Good Morning Team.
Day 80 of Trump’s 1,461 days of power in his second term.
You know the old parable: If the universe were 24 hours old, humans would have appeared on the scene for a fraction of a second, appearing just before the end of the day, around 11:59:56 pm…
Trump’s second term feels a bit like that. He’s been here for mere weeks but it feels like an eternity.
Now before we go any further, I want to let you all in on a ‘secret.’
Since the dawn of time, the small cap market has been plagued by pump & dump schemes, shyster management and liquidity crises. You know what this looks like. You will have learnt painful financial lessons.
And this education is about to pay off.
You have trained for this all your life.
When the same names on Twitter post some rampy bullshit on a low liquidity ticker, you know exactly what’s going on. Now imagine, if you will, that instead of a sub £5 million microcap, it’s the multi-trillion-dollar S&P 500.

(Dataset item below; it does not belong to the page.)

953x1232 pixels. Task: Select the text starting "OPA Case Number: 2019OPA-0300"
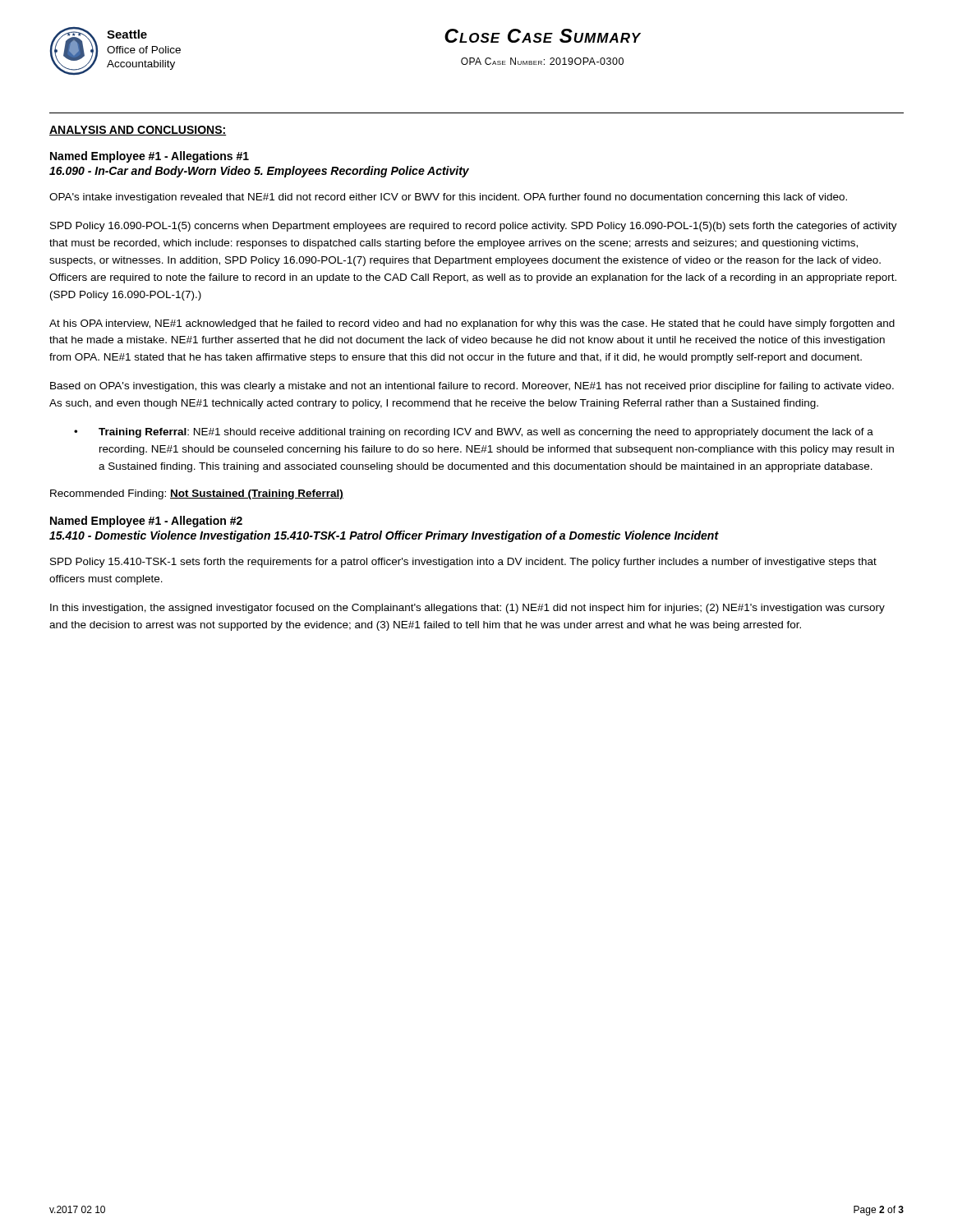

And that it’s not an AIM non-exec, but the President of the United States of America, the man in charge of the largest economy in the world.
You thought GameStop was memey? Well Trump is the new Roaring Kitty, and he’s swapped the bandana for a made-in-China cap.
The markets will believe anything he says - you won’t. And this gives you an edge.
Here’s what’s happened in the past few days.
Trump & Vance belittle China
Before the pump, Donald tells the world that country leaders are ‘kissing my ass’ to reduce the levies, at the National Republican Congressional Committee’s annual fundraising dinner in Washington DC on Tuesday evening.
He then mocked his supplicants:
‘Please, Sir, make a deal. I’ll do anything. I’ll do anything, Sir.’
He’s a bullying piece of shit. These tariffs may cost Americans jobs. But they cost the poor in countries like Lesotho or Madagascar their lives.
Then you have JD Vance, the final boss of American pseudo-intellectualism.
The Vice President - the man who becomes in charge should Trump die at any point - told Fox News that ‘we borrow money from Chinese peasants to buy the things those Chinese peasants manufacture.’
The Chinese foreign ministry called the comments ‘ignorant and disrespectful.’ They note they will fight to the end on the tariffs.
Let’s be clear here. The Chinese Communist Party are engaged in wholesale mass slavery of Uyghur Muslims and other ethnic minorities in Xinjiang. It is no innocent party.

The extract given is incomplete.